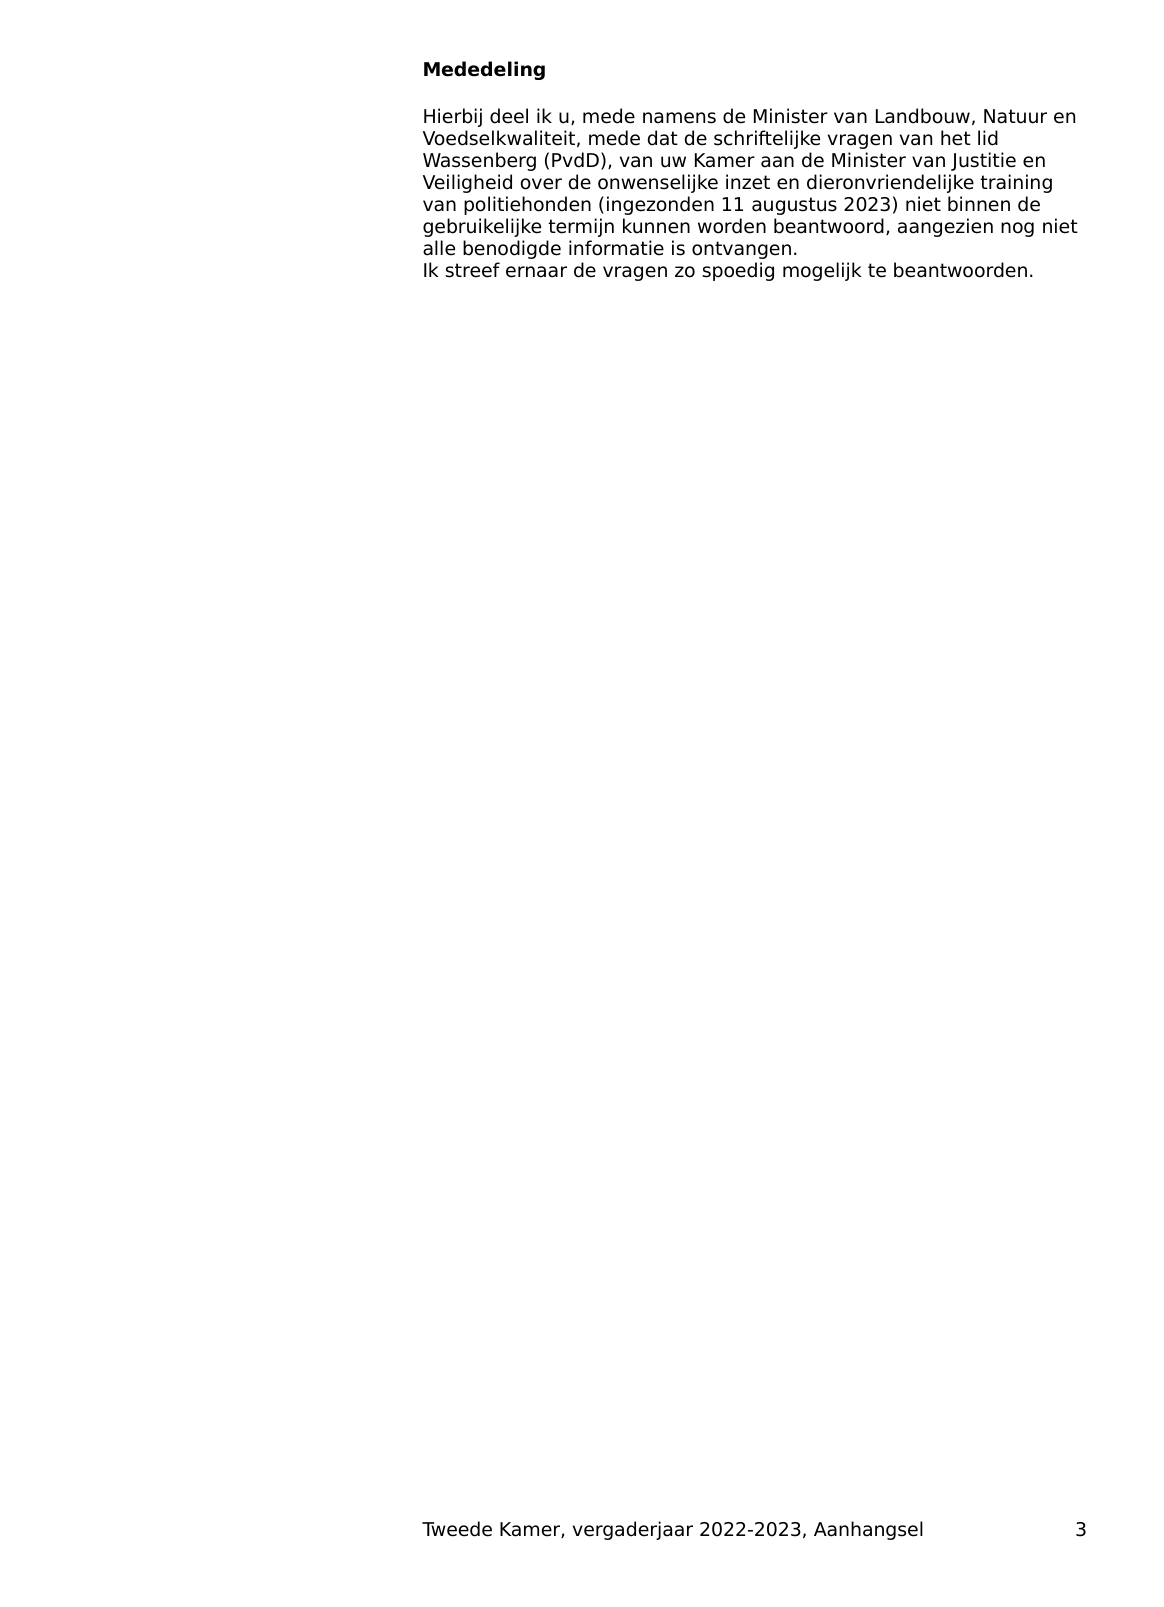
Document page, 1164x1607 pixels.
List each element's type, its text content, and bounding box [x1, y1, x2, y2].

text Ik streef ernaar de vragen zo spoedig mogelijk te beantwoorden. [422, 260, 1087, 282]
text Hierbij deel ik u, mede namens de Minister van Landbouw, Natuur en Voedselkwaliteit, mede dat de schriftelijke vragen van het lid Wassenberg (PvdD), van uw Kamer aan de Minister van Justitie en Veiligheid over de onwenselijke inzet en dieronvriendelijke training van politiehonden (ingezonden 11 augustus 2023) niet binnen de gebruikelijke termijn kunnen worden beantwoord, aangezien nog niet alle benodigde informatie is ontvangen. [422, 106, 1087, 260]
subtitle Mededeling [422, 59, 1087, 81]
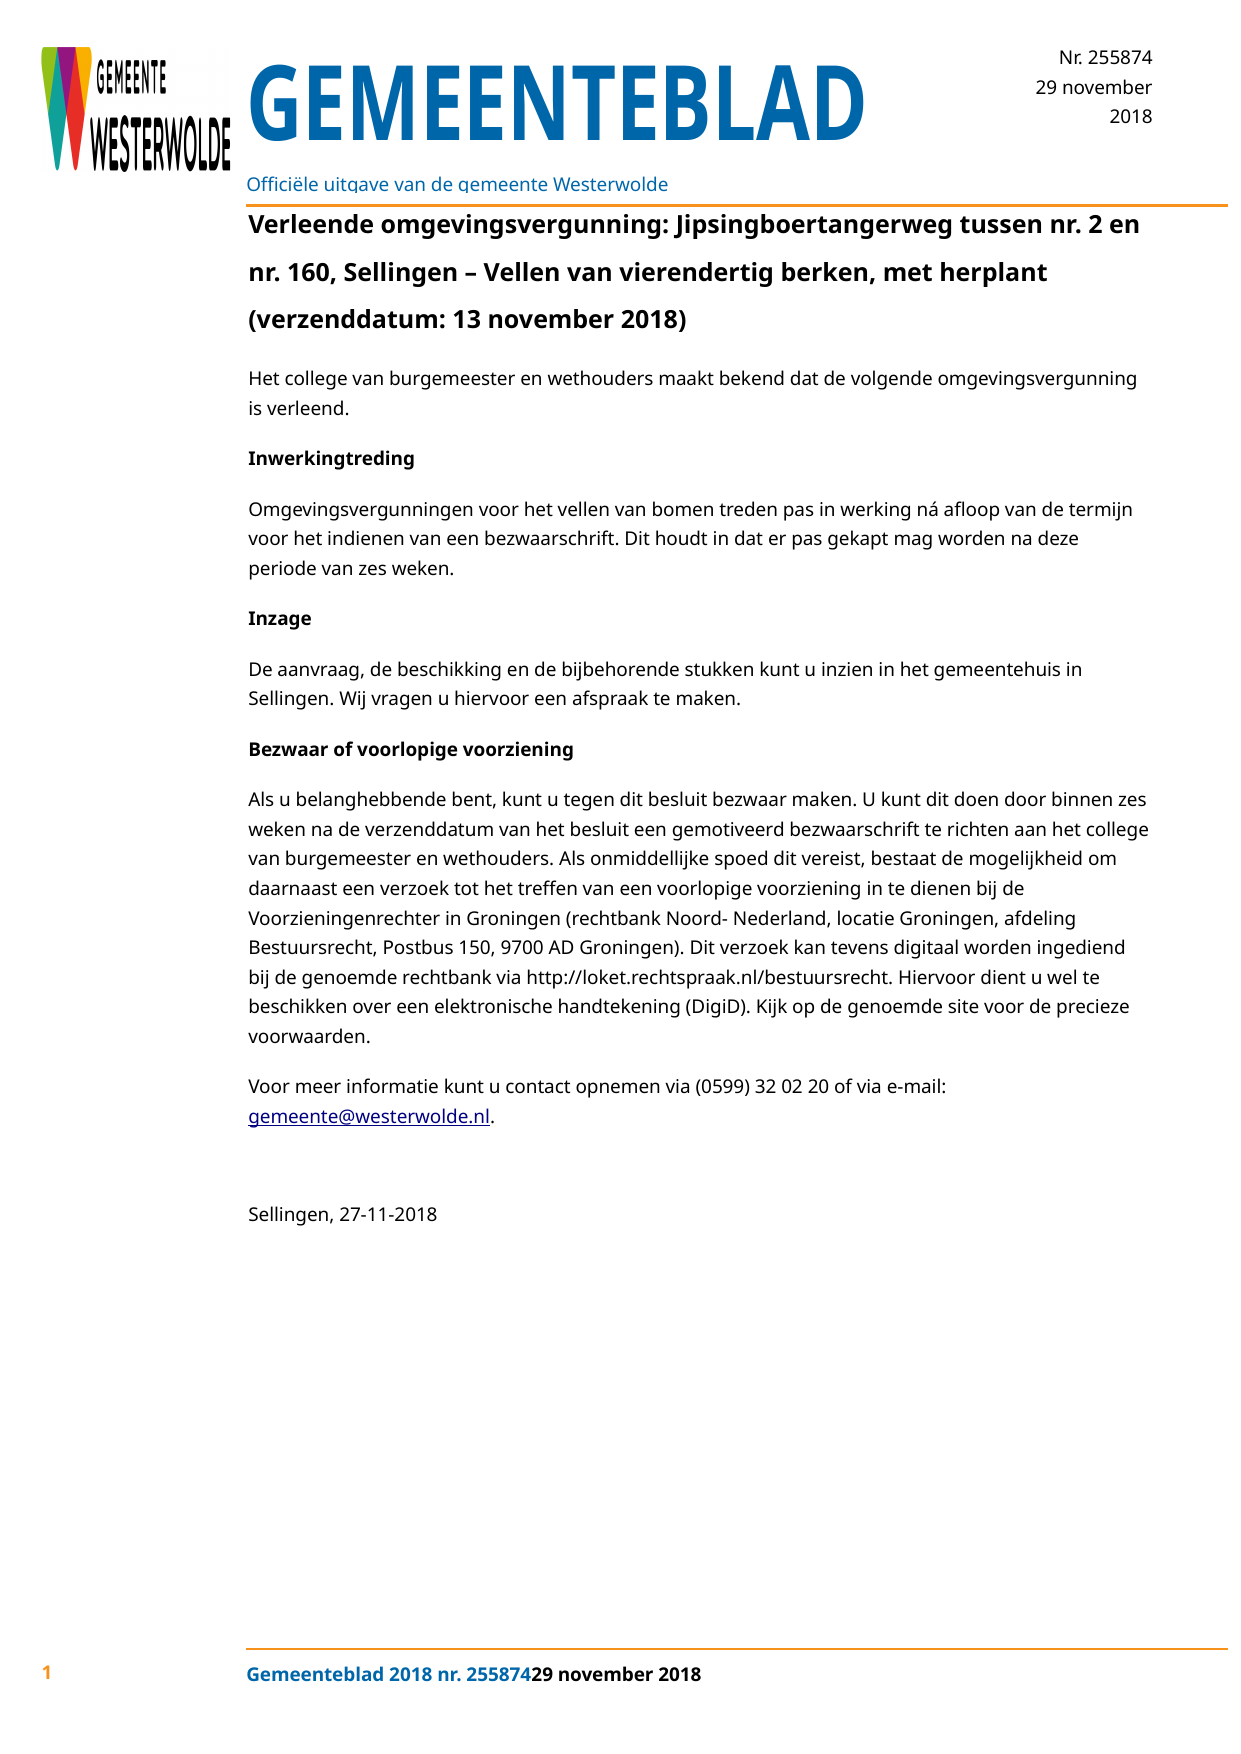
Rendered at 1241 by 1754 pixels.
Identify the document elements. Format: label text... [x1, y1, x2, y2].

text Voor meer informatie kunt u contact opnemen via (0599) 32 02 20 of via e-mail: gemeente@westerwolde.nl. [248, 1073, 1152, 1129]
picture [41, 47, 231, 172]
text Sellingen, 27-11-2018 [248, 1201, 1152, 1227]
text Omgevingsvergunningen voor het vellen van bomen treden pas in werking ná afloop van de termijn voor het indienen van een bezwaarschrift. Dit houdt in dat er pas gekapt mag worden na deze periode van zes weken. [248, 496, 1152, 581]
text Het college van burgemeester en wethouders maakt bekend dat de volgende omgevingsvergunning is verleend. [248, 366, 1152, 421]
text Inwerkingtreding [248, 446, 1152, 471]
text Bezwaar of voorlopige voorziening [248, 736, 1152, 762]
text Als u belanghebbende bent, kunt u tegen dit besluit bezwaar maken. U kunt dit doen door binnen zes weken na de verzenddatum van het besluit een gemotiveerd bezwaarschrift te richten aan het college van burgemeester en wethouders. Als onmiddellijke spoed dit vereist, bestaat de mogelijkheid om daarnaast een verzoek tot het treffen van een voorlopige voorziening in te dienen bij de Voorzieningenrechter in Groningen (rechtbank Noord- Nederland, locatie Groningen, afdeling Bestuursrecht, Postbus 150, 9700 AD Groningen). Dit verzoek kan tevens digitaal worden ingediend bij de genoemde rechtbank via http://loket.rechtspraak.nl/bestuursrecht. Hiervoor dient u wel te beschikken over een elektronische handtekening (DigiD). Kijk op de genoemde site voor de precieze voorwaarden. [248, 786, 1152, 1049]
text De aanvraag, de beschikking en de bijbehorende stukken kunt u inzien in het gemeentehuis in Sellingen. Wij vragen u hiervoor een afspraak te maken. [248, 656, 1152, 711]
text Verleende omgevingsvergunning: Jipsingboertangerweg tussen nr. 2 en nr. 160, Sellingen – Vellen van vierendertig berken, met herplant (verzenddatum: 13 november 2018) [248, 207, 1152, 336]
text Inzage [248, 606, 1152, 631]
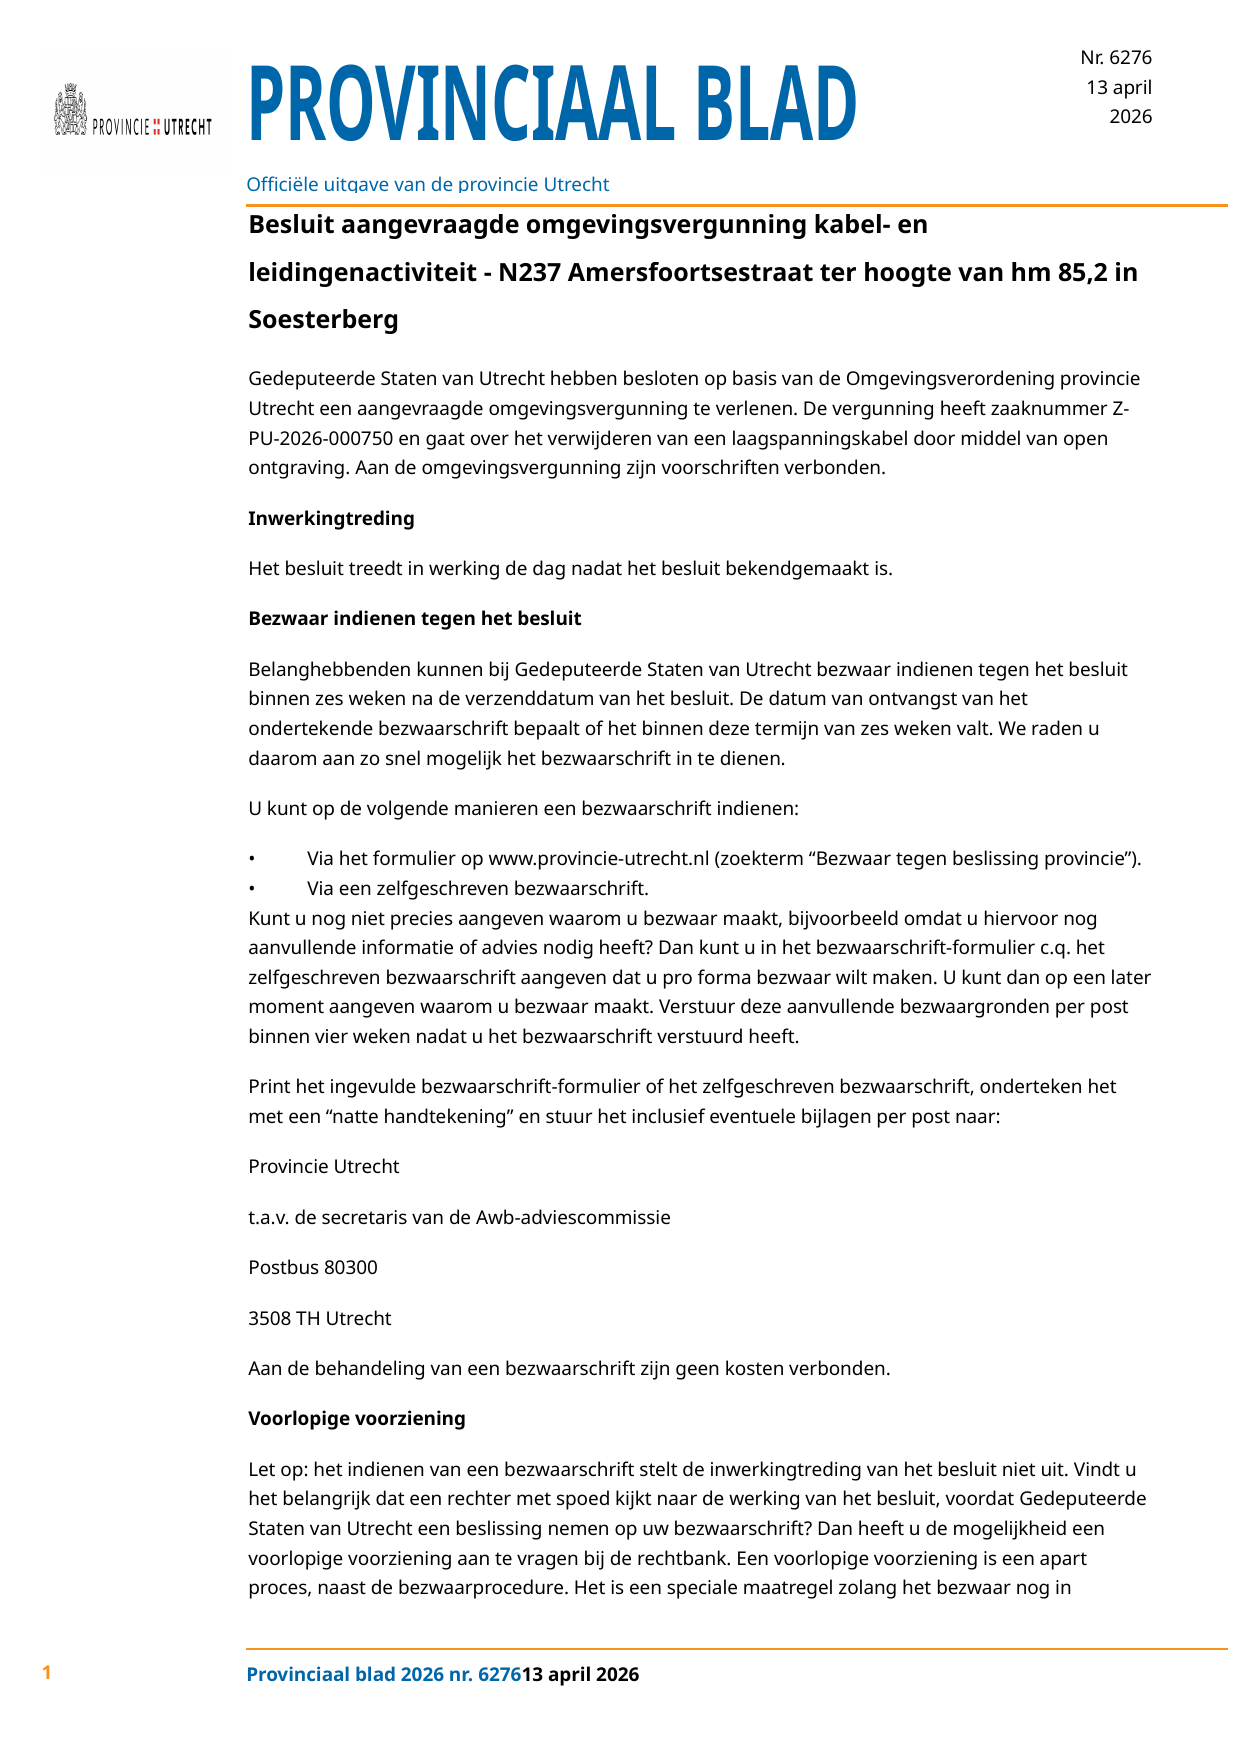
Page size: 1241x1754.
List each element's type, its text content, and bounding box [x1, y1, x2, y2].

list Via een zelfgeschreven bezwaarschrift. [248, 875, 1152, 901]
list Via het formulier op www.provincie-utrecht.nl (zoekterm “Bezwaar tegen beslissing provincie”). [248, 846, 1152, 871]
text Belanghebbenden kunnen bij Gedeputeerde Staten van Utrecht bezwaar indienen tegen het besluit binnen zes weken na de verzenddatum van het besluit. De datum van ontvangst van het ondertekende bezwaarschrift bepaalt of het binnen deze termijn van zes weken valt. We raden u daarom aan zo snel mogelijk het bezwaarschrift in te dienen. [248, 656, 1152, 770]
text U kunt op de volgende manieren een bezwaarschrift indienen: [248, 795, 1152, 821]
picture [41, 47, 231, 172]
text Postbus 80300 [248, 1254, 1152, 1280]
text Print het ingevulde bezwaarschrift-formulier of het zelfgeschreven bezwaarschrift, onderteken het met een “natte handtekening” en stuur het inclusief eventuele bijlagen per post naar: [248, 1073, 1152, 1129]
text Het besluit treedt in werking de dag nadat het besluit bekendgemaakt is. [248, 555, 1152, 581]
text Provincie Utrecht [248, 1153, 1152, 1179]
text Voorlopige voorziening [248, 1406, 1152, 1431]
text Bezwaar indienen tegen het besluit [248, 606, 1152, 631]
text Inwerkingtreding [248, 505, 1152, 530]
text Besluit aangevraagde omgevingsvergunning kabel- en leidingenactiviteit - N237 Amersfoortsestraat ter hoogte van hm 85,2 in Soesterberg [248, 207, 1152, 336]
text Kunt u nog niet precies aangeven waarom u bezwaar maakt, bijvoorbeeld omdat u hiervoor nog aanvullende informatie of advies nodig heeft? Dan kunt u in het bezwaarschrift-formulier c.q. het zelfgeschreven bezwaarschrift aangeven dat u pro forma bezwaar wilt maken. U kunt dan op een later moment aangeven waarom u bezwaar maakt. Verstuur deze aanvullende bezwaargronden per post binnen vier weken nadat u het bezwaarschrift verstuurd heeft. [248, 905, 1152, 1049]
text 3508 TH Utrecht [248, 1305, 1152, 1330]
text Gedeputeerde Staten van Utrecht hebben besloten op basis van de Omgevingsverordening provincie Utrecht een aangevraagde omgevingsvergunning te verlenen. De vergunning heeft zaaknummer Z-PU-2026-000750 en gaat over het verwijderen van een laagspanningskabel door middel van open ontgraving. Aan de omgevingsvergunning zijn voorschriften verbonden. [248, 366, 1152, 480]
text Let op: het indienen van een bezwaarschrift stelt de inwerkingtreding van het besluit niet uit. Vindt u het belangrijk dat een rechter met spoed kijkt naar de werking van het besluit, voordat Gedeputeerde Staten van Utrecht een beslissing nemen op uw bezwaarschrift? Dan heeft u de mogelijkheid een voorlopige voorziening aan te vragen bij de rechtbank. Een voorlopige voorziening is een apart proces, naast de bezwaarprocedure. Het is een speciale maatregel zolang het bezwaar nog in [248, 1456, 1152, 1600]
text Aan de behandeling van een bezwaarschrift zijn geen kosten verbonden. [248, 1355, 1152, 1381]
text t.a.v. de secretaris van de Awb-adviescommissie [248, 1204, 1152, 1229]

============================================================

**Assignment:** Output the listing word for word. Drop the pictures.

**Output for this exercise:**
Document page, 1164x1607 pixels.
List each element's type, its text content, and bounding box [x1, y1, x2, y2].

text Ik streef ernaar de vragen zo spoedig mogelijk te beantwoorden. [422, 260, 1087, 282]
text Hierbij deel ik u, mede namens de Minister van Landbouw, Natuur en Voedselkwaliteit, mede dat de schriftelijke vragen van het lid Wassenberg (PvdD), van uw Kamer aan de Minister van Justitie en Veiligheid over de onwenselijke inzet en dieronvriendelijke training van politiehonden (ingezonden 11 augustus 2023) niet binnen de gebruikelijke termijn kunnen worden beantwoord, aangezien nog niet alle benodigde informatie is ontvangen. [422, 106, 1087, 260]
subtitle Mededeling [422, 59, 1087, 81]
Rendered at 1241 by 1754 pixels.
Identify the document elements. Format: label text... [x1, y1, x2, y2].

text Voor meer informatie kunt u contact opnemen via (0599) 32 02 20 of via e-mail: gemeente@westerwolde.nl. [248, 1073, 1152, 1129]
picture [41, 47, 231, 172]
text Sellingen, 27-11-2018 [248, 1201, 1152, 1227]
text Omgevingsvergunningen voor het vellen van bomen treden pas in werking ná afloop van de termijn voor het indienen van een bezwaarschrift. Dit houdt in dat er pas gekapt mag worden na deze periode van zes weken. [248, 496, 1152, 581]
text Het college van burgemeester en wethouders maakt bekend dat de volgende omgevingsvergunning is verleend. [248, 366, 1152, 421]
text Inwerkingtreding [248, 446, 1152, 471]
text Bezwaar of voorlopige voorziening [248, 736, 1152, 762]
text Als u belanghebbende bent, kunt u tegen dit besluit bezwaar maken. U kunt dit doen door binnen zes weken na de verzenddatum van het besluit een gemotiveerd bezwaarschrift te richten aan het college van burgemeester en wethouders. Als onmiddellijke spoed dit vereist, bestaat de mogelijkheid om daarnaast een verzoek tot het treffen van een voorlopige voorziening in te dienen bij de Voorzieningenrechter in Groningen (rechtbank Noord- Nederland, locatie Groningen, afdeling Bestuursrecht, Postbus 150, 9700 AD Groningen). Dit verzoek kan tevens digitaal worden ingediend bij de genoemde rechtbank via http://loket.rechtspraak.nl/bestuursrecht. Hiervoor dient u wel te beschikken over een elektronische handtekening (DigiD). Kijk op de genoemde site voor de precieze voorwaarden. [248, 786, 1152, 1049]
text De aanvraag, de beschikking en de bijbehorende stukken kunt u inzien in het gemeentehuis in Sellingen. Wij vragen u hiervoor een afspraak te maken. [248, 656, 1152, 711]
text Verleende omgevingsvergunning: Jipsingboertangerweg tussen nr. 2 en nr. 160, Sellingen – Vellen van vierendertig berken, met herplant (verzenddatum: 13 november 2018) [248, 207, 1152, 336]
text Inzage [248, 606, 1152, 631]
Page size: 1241x1754.
List each element's type, its text content, and bounding box [x1, y1, x2, y2].

list Via een zelfgeschreven bezwaarschrift. [248, 875, 1152, 901]
list Via het formulier op www.provincie-utrecht.nl (zoekterm “Bezwaar tegen beslissing provincie”). [248, 846, 1152, 871]
text Belanghebbenden kunnen bij Gedeputeerde Staten van Utrecht bezwaar indienen tegen het besluit binnen zes weken na de verzenddatum van het besluit. De datum van ontvangst van het ondertekende bezwaarschrift bepaalt of het binnen deze termijn van zes weken valt. We raden u daarom aan zo snel mogelijk het bezwaarschrift in te dienen. [248, 656, 1152, 770]
text U kunt op de volgende manieren een bezwaarschrift indienen: [248, 795, 1152, 821]
picture [41, 47, 231, 172]
text Postbus 80300 [248, 1254, 1152, 1280]
text Print het ingevulde bezwaarschrift-formulier of het zelfgeschreven bezwaarschrift, onderteken het met een “natte handtekening” en stuur het inclusief eventuele bijlagen per post naar: [248, 1073, 1152, 1129]
text Het besluit treedt in werking de dag nadat het besluit bekendgemaakt is. [248, 555, 1152, 581]
text Provincie Utrecht [248, 1153, 1152, 1179]
text Voorlopige voorziening [248, 1406, 1152, 1431]
text Bezwaar indienen tegen het besluit [248, 606, 1152, 631]
text Inwerkingtreding [248, 505, 1152, 530]
text Besluit aangevraagde omgevingsvergunning kabel- en leidingenactiviteit - N237 Amersfoortsestraat ter hoogte van hm 85,2 in Soesterberg [248, 207, 1152, 336]
text Kunt u nog niet precies aangeven waarom u bezwaar maakt, bijvoorbeeld omdat u hiervoor nog aanvullende informatie of advies nodig heeft? Dan kunt u in het bezwaarschrift-formulier c.q. het zelfgeschreven bezwaarschrift aangeven dat u pro forma bezwaar wilt maken. U kunt dan op een later moment aangeven waarom u bezwaar maakt. Verstuur deze aanvullende bezwaargronden per post binnen vier weken nadat u het bezwaarschrift verstuurd heeft. [248, 905, 1152, 1049]
text 3508 TH Utrecht [248, 1305, 1152, 1330]
text Gedeputeerde Staten van Utrecht hebben besloten op basis van de Omgevingsverordening provincie Utrecht een aangevraagde omgevingsvergunning te verlenen. De vergunning heeft zaaknummer Z-PU-2026-000750 en gaat over het verwijderen van een laagspanningskabel door middel van open ontgraving. Aan de omgevingsvergunning zijn voorschriften verbonden. [248, 366, 1152, 480]
text Let op: het indienen van een bezwaarschrift stelt de inwerkingtreding van het besluit niet uit. Vindt u het belangrijk dat een rechter met spoed kijkt naar de werking van het besluit, voordat Gedeputeerde Staten van Utrecht een beslissing nemen op uw bezwaarschrift? Dan heeft u de mogelijkheid een voorlopige voorziening aan te vragen bij de rechtbank. Een voorlopige voorziening is een apart proces, naast de bezwaarprocedure. Het is een speciale maatregel zolang het bezwaar nog in [248, 1456, 1152, 1600]
text Aan de behandeling van een bezwaarschrift zijn geen kosten verbonden. [248, 1355, 1152, 1381]
text t.a.v. de secretaris van de Awb-adviescommissie [248, 1204, 1152, 1229]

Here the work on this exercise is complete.